Check if the feed information has been updated with PubID and lastPubID, and if not, exit the program. If it has been updated, overwrite the file pointed to by PUBDATE_LOG.

`python`


pubID = news_dic.updated

#  pubID 
with open(PUBDATE_LOG, "r") as rf:
    lastPubID = rf.readline().rstrip("\n")

# 
if (pubID == lastPubID):
    print("")
    sys.exit()
else:
    with open(PUBDATE_LOG, "w") as f:
        f.write(pubID + "\n")

Post to twitter

There are the following items in new_dic.entries.

title
link
description (abstract)
creator

The information to be posted is title and link in new_dic.entries.
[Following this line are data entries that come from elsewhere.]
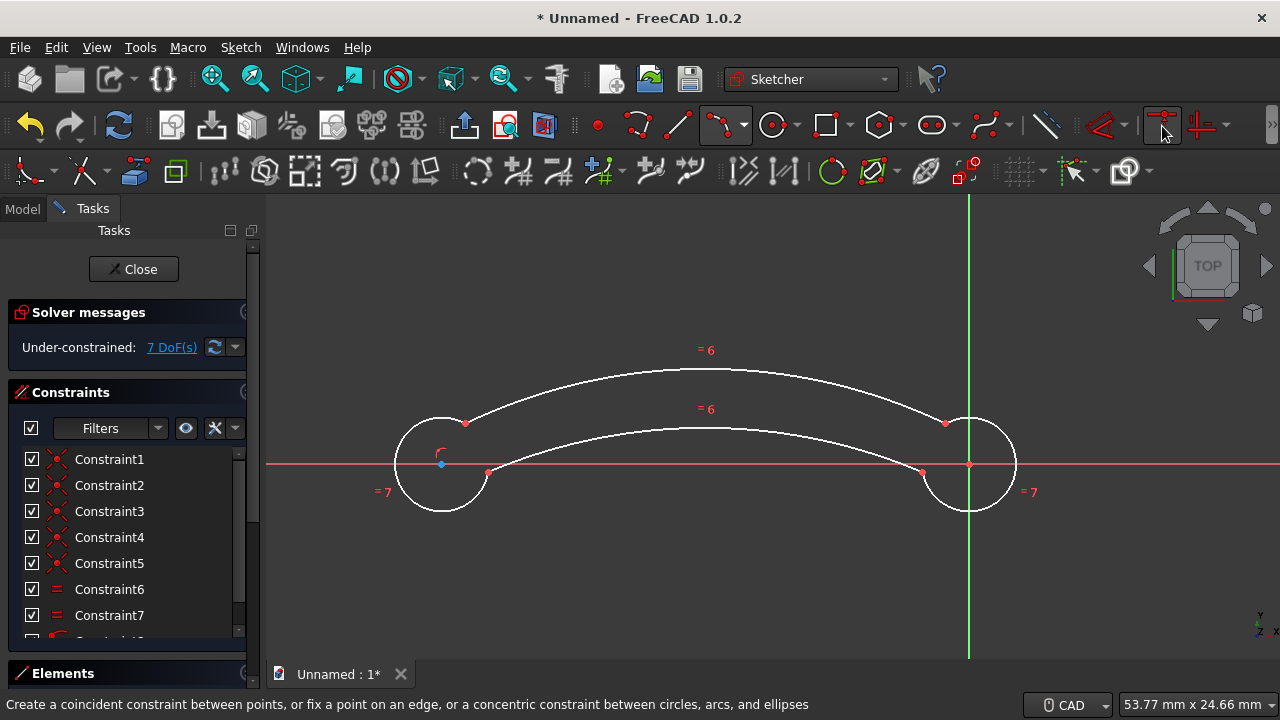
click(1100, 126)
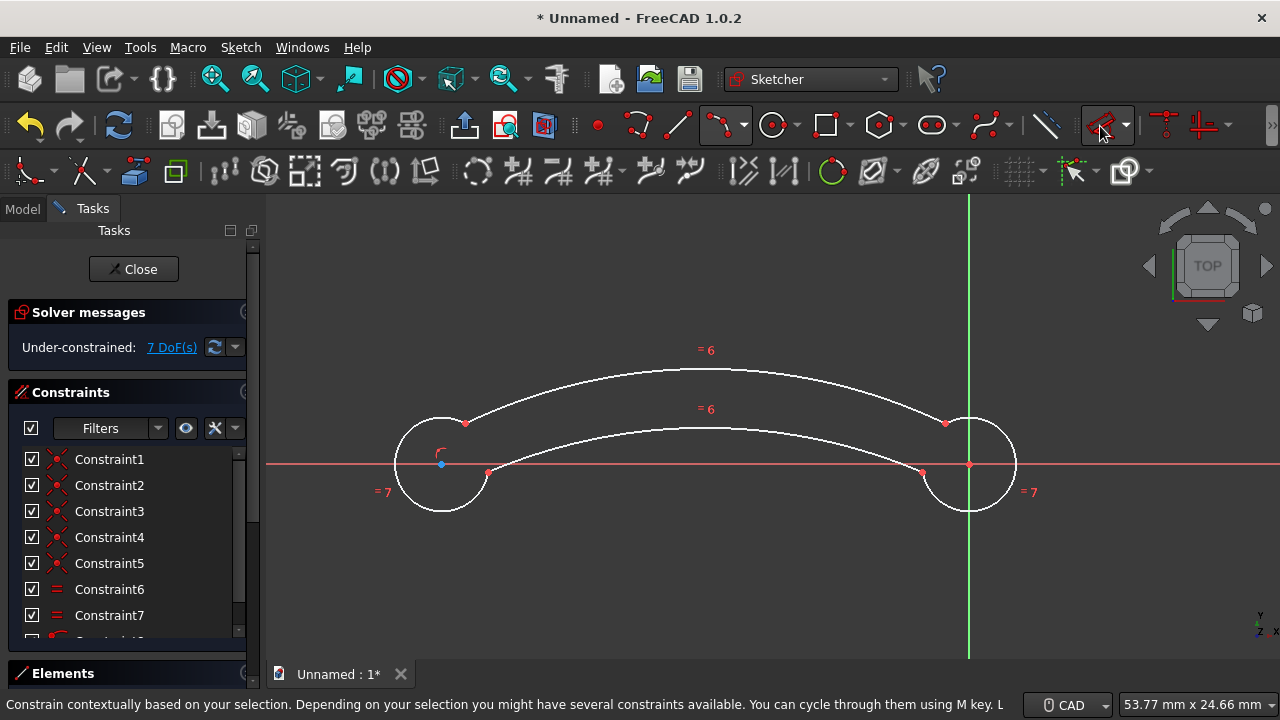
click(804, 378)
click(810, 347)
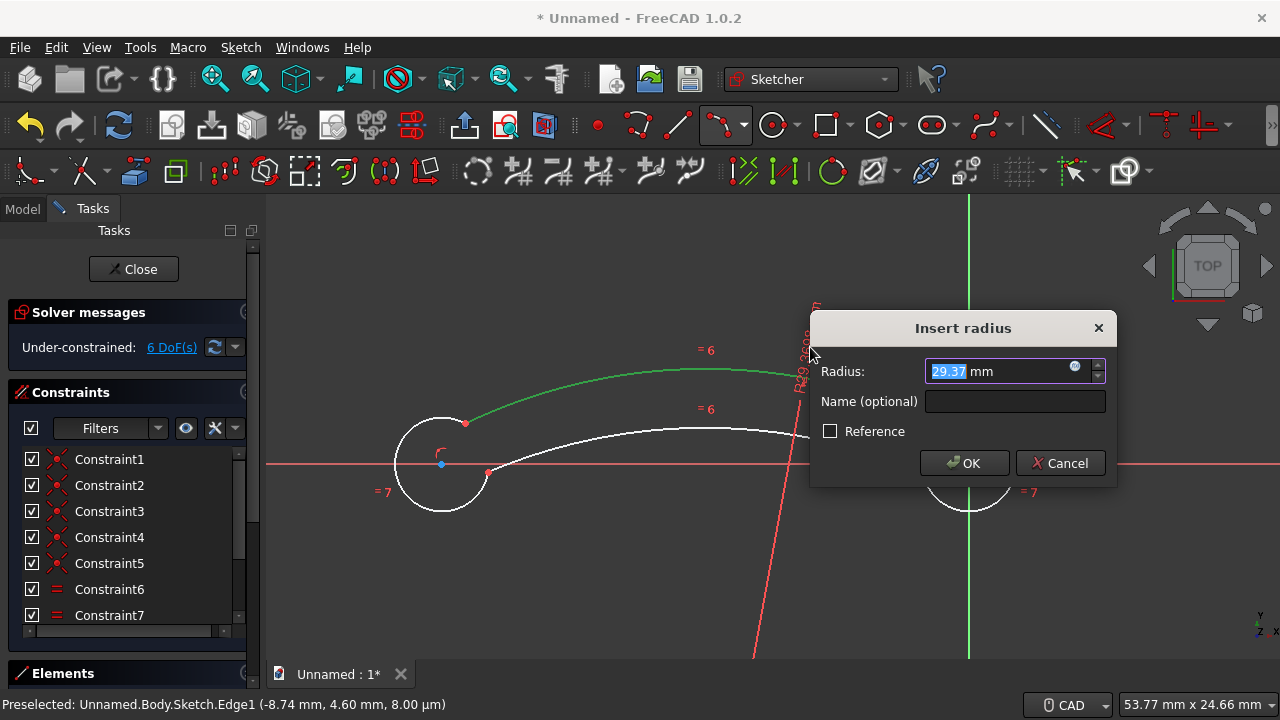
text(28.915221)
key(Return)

However, title may be long, so make sure to keep it within 140 characters and limit the number of characters so that URL links can be described.

`python`


for i in news_dic.entries:
    if len(i.title) > 100:
        message = i.title[0:100] + "......\n" + i.link
    else:
        message = i.title[0:109] + "\n" + i.link
    #print(len(message))
    #print(message)

    try:
        twitter.update_status(status=message)
    except TwythonError as e:
        print(e)

Creation result

The final program as a result of trial and error is as follows.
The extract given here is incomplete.